“The kids” call it “touching grass”
Our mother sent us out to pick blackberries once, along a gravel road, each of the three of us with an empty Folger’s coffee can (wildly optimistic of her to think we would fill even one). I can still see the weathered gray wooden garage beyond the road, its roof slumping in the middle, feel the early afternoon July sun beating down, making me squint. A half-hour or so of us slouching and complaining, panicking at approaching bees and hornets, and whining about blackberry stickers was enough to convince her that activity was too aggravating to repeat.
But that’s one of the things about being an adult. You realize that if you pick the blackberries you can have blackberry pie. And jam and syrup. When you’re an adult, you can choose to pick berries in the cool part of the day or in a shady spot. You learn to carefully thread your hand through overhanging, thorny canes and under spider webs, and mostly manage to avoid pricking your fingers on the self-protective stickers, and if not, pull them from your insulted thumb or index finger.
Our mother told us that these berries, Himalayan Blackberries, are an invasive species. (She was right, of course, and this story from the UW Daily explains it, “The tangled emotions surrounding the invasive Himalayan blackberry.”) She said that the native berries were much better; my husband says they are also thornier.
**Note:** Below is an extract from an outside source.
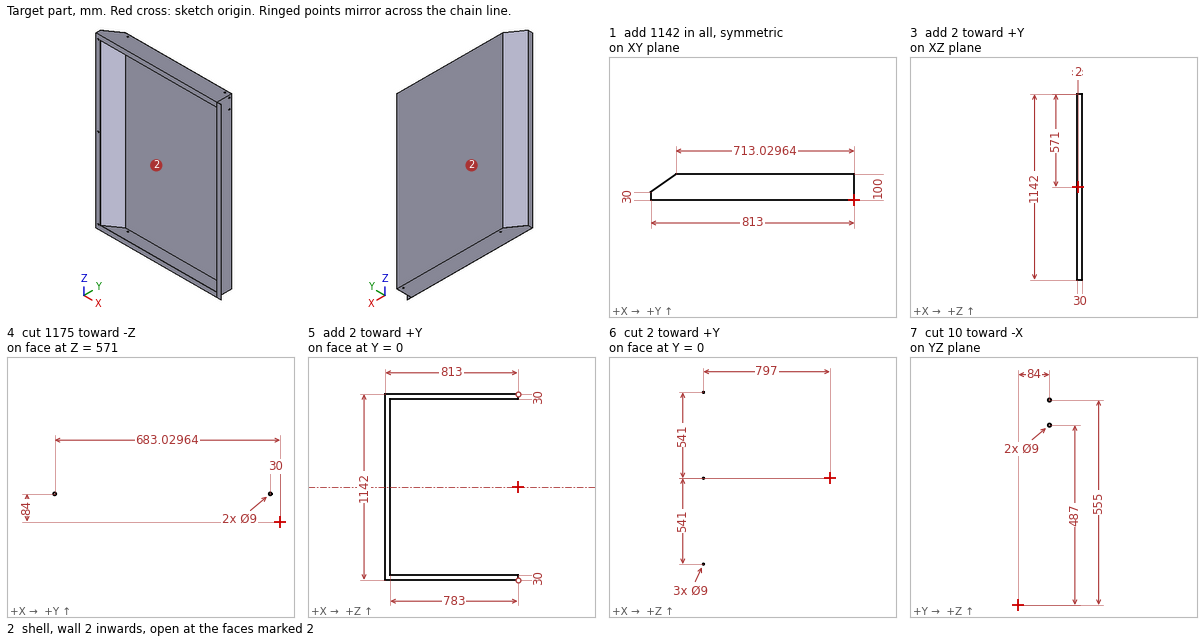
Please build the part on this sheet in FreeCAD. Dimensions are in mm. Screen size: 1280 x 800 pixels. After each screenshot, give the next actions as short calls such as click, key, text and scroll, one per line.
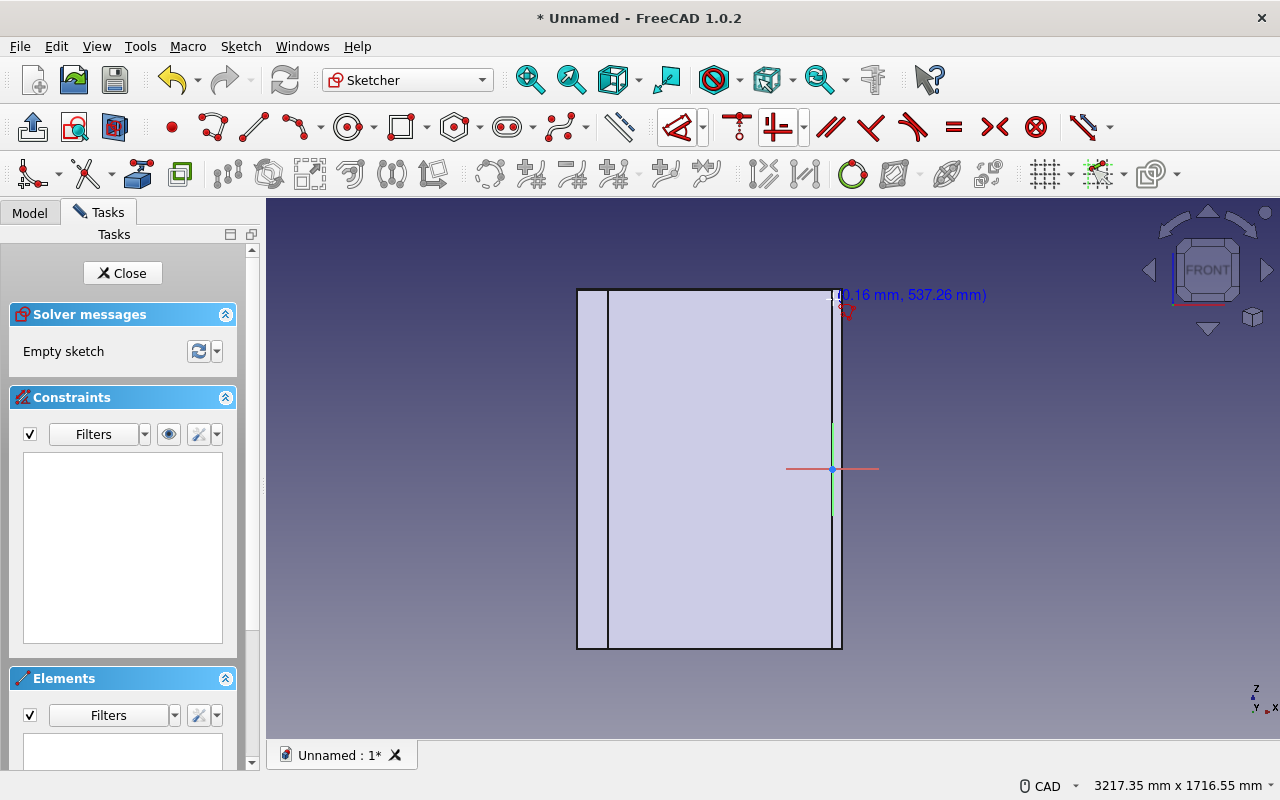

I don’t recall if I have ever seen or eaten a native Pacific Blackberry. But the Himalayan berries are also delicious, and they are everywhere—they are, after all, invasive.
I have picked my last batch of berries for the year, rinsed and frozen most of them and made a small batch of jam so dense with dark, complex flavor that I could have eaten it all at once, and just as packed with self-satisfaction for creating something from a “weed,” free for the picking. In the claustrophobic, sodden dark of a western Washington winter, I will open a container of frozen berries and recall the deep blue sky and yellow-white light of a summer day fragrant with the heady perfume of ripening berries.
The Salish peoples who lived here consumed the Pacific blackberries, salmonberries and other native fruit, and I appreciate that continuity, while recognizing the irony of the region’s invasive colonists introducing these invasive berries. Most Americans no longer need to pick berries to have enough to eat. I remember my mother processing peaches and pears for days, filling glass Mason jars, and I think preserving fruit, much less picking it, too, is a dying domestic task.
Beyond the satisfaction of harvesting free food, getting out into the brambles on a sunny day is a blessedly normal custom, a way to ground myself in familiarity and the natural world when all the presumptions of our lives as Americans are threatened. There’s a phrase right now, rapidly becoming a cliche, “Touch grass,” go outside, emerge into the real world from the virtual world and the anxiety caused by unpredictability. I need to plant my feet on solid ground, breath fresh air, feel the breezes, and hear a Kingfisher chittering far above, preparing to dive head first into the waves for a tiny silvery fish.
America itself feels like a chaotic mass of dangerous brambles right now, and we long to find our way through the entangled canes unscathed. It seems we must reach through the thorns if we are to find the sweetness that is now just beyond our reach.